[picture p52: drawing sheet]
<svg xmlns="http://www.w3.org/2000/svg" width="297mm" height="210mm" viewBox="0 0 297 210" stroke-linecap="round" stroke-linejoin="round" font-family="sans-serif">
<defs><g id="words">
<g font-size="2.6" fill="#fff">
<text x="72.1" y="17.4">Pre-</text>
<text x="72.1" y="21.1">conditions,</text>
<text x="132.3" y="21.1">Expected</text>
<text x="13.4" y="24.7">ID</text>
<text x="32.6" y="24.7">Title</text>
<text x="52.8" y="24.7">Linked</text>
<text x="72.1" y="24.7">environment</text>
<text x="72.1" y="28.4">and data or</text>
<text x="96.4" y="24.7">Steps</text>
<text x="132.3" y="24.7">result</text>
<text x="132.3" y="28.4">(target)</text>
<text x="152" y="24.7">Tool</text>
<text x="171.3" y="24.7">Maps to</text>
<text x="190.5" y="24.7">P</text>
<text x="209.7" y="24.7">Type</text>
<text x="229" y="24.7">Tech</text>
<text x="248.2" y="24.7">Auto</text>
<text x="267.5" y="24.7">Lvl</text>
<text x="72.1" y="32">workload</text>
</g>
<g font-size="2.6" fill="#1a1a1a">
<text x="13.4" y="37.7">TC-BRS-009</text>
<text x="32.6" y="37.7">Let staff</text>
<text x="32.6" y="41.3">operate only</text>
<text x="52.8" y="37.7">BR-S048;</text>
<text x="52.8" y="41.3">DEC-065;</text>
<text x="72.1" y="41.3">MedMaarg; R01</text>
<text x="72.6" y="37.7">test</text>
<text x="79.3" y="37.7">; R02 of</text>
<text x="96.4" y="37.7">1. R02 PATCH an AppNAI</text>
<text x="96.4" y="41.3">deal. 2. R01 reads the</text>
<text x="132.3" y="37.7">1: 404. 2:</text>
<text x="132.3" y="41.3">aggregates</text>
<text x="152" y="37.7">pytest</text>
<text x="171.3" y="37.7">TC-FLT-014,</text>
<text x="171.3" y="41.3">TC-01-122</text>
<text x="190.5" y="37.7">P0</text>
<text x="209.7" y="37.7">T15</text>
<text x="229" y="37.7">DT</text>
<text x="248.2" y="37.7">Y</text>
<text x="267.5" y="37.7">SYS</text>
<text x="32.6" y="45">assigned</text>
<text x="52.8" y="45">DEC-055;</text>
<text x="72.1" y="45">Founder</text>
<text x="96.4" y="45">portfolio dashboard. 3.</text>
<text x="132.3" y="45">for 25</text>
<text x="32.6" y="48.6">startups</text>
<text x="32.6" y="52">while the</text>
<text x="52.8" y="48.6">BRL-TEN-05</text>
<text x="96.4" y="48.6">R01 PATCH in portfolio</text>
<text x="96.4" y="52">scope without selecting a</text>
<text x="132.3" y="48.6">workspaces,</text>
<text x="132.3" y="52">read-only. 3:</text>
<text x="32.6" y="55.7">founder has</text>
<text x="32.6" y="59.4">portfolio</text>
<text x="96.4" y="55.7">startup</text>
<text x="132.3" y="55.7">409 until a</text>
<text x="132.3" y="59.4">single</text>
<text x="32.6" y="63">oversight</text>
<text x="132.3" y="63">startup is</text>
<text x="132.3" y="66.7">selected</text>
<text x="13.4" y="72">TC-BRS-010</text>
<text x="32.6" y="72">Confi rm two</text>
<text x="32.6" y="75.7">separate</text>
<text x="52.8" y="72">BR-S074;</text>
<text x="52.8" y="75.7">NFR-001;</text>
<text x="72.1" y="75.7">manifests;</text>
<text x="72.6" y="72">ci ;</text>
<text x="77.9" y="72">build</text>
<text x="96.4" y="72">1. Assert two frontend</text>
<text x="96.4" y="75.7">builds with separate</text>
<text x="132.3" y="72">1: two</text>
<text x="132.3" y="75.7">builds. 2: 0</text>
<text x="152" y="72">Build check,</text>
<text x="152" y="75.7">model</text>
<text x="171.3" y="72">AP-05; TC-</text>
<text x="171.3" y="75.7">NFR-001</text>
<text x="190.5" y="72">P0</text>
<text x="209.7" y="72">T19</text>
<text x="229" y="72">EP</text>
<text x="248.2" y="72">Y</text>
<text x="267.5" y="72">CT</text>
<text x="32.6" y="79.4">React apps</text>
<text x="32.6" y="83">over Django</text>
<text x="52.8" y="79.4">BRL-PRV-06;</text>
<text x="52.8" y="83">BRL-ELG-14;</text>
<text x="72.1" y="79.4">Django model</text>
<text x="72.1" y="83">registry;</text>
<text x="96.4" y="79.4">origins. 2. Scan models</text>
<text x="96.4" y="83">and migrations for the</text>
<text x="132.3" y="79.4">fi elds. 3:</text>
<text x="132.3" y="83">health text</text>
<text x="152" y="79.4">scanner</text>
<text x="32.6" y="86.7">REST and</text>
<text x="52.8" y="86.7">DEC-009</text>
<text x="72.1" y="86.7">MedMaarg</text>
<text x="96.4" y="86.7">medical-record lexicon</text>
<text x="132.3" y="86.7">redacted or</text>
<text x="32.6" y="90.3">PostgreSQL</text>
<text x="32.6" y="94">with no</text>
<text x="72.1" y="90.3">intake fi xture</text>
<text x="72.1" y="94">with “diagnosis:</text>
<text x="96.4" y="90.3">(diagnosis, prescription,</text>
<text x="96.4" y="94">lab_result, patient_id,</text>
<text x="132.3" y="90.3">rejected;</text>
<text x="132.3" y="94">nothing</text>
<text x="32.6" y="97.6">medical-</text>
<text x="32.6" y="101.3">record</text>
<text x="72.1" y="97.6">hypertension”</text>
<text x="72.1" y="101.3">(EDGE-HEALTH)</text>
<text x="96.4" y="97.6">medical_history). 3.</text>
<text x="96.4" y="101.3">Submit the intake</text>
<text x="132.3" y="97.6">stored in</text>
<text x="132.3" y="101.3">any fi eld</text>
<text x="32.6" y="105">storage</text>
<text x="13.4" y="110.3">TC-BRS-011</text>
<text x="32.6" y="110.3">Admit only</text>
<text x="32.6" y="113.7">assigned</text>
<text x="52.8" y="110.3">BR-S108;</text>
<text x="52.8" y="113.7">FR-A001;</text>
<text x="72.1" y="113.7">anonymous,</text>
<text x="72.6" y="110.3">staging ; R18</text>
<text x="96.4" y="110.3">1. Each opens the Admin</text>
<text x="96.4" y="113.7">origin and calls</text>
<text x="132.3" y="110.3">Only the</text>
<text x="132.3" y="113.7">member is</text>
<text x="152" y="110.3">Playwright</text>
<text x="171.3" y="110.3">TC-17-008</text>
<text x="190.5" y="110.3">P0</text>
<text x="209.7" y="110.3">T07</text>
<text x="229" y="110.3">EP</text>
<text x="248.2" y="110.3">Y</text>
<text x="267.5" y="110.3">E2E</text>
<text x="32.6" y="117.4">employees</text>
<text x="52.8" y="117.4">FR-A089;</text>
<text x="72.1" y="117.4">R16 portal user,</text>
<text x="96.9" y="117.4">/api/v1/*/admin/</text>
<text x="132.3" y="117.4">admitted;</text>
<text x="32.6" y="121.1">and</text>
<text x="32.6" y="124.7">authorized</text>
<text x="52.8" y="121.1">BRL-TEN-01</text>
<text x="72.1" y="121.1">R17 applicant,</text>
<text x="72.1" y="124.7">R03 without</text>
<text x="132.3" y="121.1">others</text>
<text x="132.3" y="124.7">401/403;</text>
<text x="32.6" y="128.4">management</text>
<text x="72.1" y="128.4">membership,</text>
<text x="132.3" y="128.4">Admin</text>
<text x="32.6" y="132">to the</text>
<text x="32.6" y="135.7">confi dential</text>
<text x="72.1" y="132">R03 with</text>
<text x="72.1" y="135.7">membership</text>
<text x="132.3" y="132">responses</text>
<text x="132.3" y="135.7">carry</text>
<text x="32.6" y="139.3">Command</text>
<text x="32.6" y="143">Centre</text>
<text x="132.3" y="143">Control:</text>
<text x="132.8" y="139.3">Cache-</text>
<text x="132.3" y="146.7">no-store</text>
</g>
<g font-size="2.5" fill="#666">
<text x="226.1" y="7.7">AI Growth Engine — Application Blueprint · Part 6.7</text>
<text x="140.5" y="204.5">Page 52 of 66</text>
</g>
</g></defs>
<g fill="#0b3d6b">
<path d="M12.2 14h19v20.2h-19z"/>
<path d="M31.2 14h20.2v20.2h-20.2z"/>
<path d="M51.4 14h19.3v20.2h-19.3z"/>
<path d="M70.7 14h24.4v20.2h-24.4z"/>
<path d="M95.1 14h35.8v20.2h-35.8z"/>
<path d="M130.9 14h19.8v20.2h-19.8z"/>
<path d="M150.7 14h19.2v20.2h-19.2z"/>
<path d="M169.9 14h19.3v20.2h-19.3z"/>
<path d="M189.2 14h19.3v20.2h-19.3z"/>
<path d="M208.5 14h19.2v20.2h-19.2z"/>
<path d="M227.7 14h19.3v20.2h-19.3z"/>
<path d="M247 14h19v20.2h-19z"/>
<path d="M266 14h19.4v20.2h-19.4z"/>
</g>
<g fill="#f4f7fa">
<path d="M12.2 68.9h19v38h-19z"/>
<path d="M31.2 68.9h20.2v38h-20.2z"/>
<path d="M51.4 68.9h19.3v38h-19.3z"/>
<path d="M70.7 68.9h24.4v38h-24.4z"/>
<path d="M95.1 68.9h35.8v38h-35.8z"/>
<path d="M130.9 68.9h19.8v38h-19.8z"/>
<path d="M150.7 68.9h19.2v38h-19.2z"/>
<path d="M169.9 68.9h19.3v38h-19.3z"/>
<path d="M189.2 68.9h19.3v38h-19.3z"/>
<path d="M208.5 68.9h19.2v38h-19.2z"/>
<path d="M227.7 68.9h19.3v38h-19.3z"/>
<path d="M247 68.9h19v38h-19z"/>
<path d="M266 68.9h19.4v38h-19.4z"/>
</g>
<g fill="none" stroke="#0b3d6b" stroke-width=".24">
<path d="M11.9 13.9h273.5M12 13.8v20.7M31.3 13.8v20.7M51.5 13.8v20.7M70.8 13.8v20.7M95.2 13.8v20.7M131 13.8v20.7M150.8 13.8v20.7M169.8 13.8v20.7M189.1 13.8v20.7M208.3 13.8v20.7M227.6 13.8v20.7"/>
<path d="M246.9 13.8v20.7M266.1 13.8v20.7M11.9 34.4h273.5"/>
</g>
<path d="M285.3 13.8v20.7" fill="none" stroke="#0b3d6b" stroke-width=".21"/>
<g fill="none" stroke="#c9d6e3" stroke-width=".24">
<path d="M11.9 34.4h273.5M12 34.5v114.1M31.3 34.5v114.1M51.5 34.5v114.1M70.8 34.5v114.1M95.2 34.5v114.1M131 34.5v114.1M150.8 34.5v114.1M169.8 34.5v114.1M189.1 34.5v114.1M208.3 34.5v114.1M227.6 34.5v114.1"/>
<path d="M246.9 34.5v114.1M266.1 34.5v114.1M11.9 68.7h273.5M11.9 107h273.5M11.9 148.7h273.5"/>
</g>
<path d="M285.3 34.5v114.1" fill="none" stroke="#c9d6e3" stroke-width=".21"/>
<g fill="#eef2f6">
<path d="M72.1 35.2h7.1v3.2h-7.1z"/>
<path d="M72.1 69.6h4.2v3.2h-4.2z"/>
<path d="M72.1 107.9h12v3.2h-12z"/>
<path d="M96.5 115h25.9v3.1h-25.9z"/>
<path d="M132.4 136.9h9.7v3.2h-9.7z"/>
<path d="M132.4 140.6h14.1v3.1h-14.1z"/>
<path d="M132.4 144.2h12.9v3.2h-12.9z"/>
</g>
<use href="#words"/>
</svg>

**TASK GOAL**
Your response should contain each line of the listing in which the word "PATCH" occurs.

**EXERCISE RESPONSE**
<text x="96.4" y="37.7">1. R02 PATCH an AppNAI</text>
<text x="96.4" y="48.6">R01 PATCH in portfolio</text>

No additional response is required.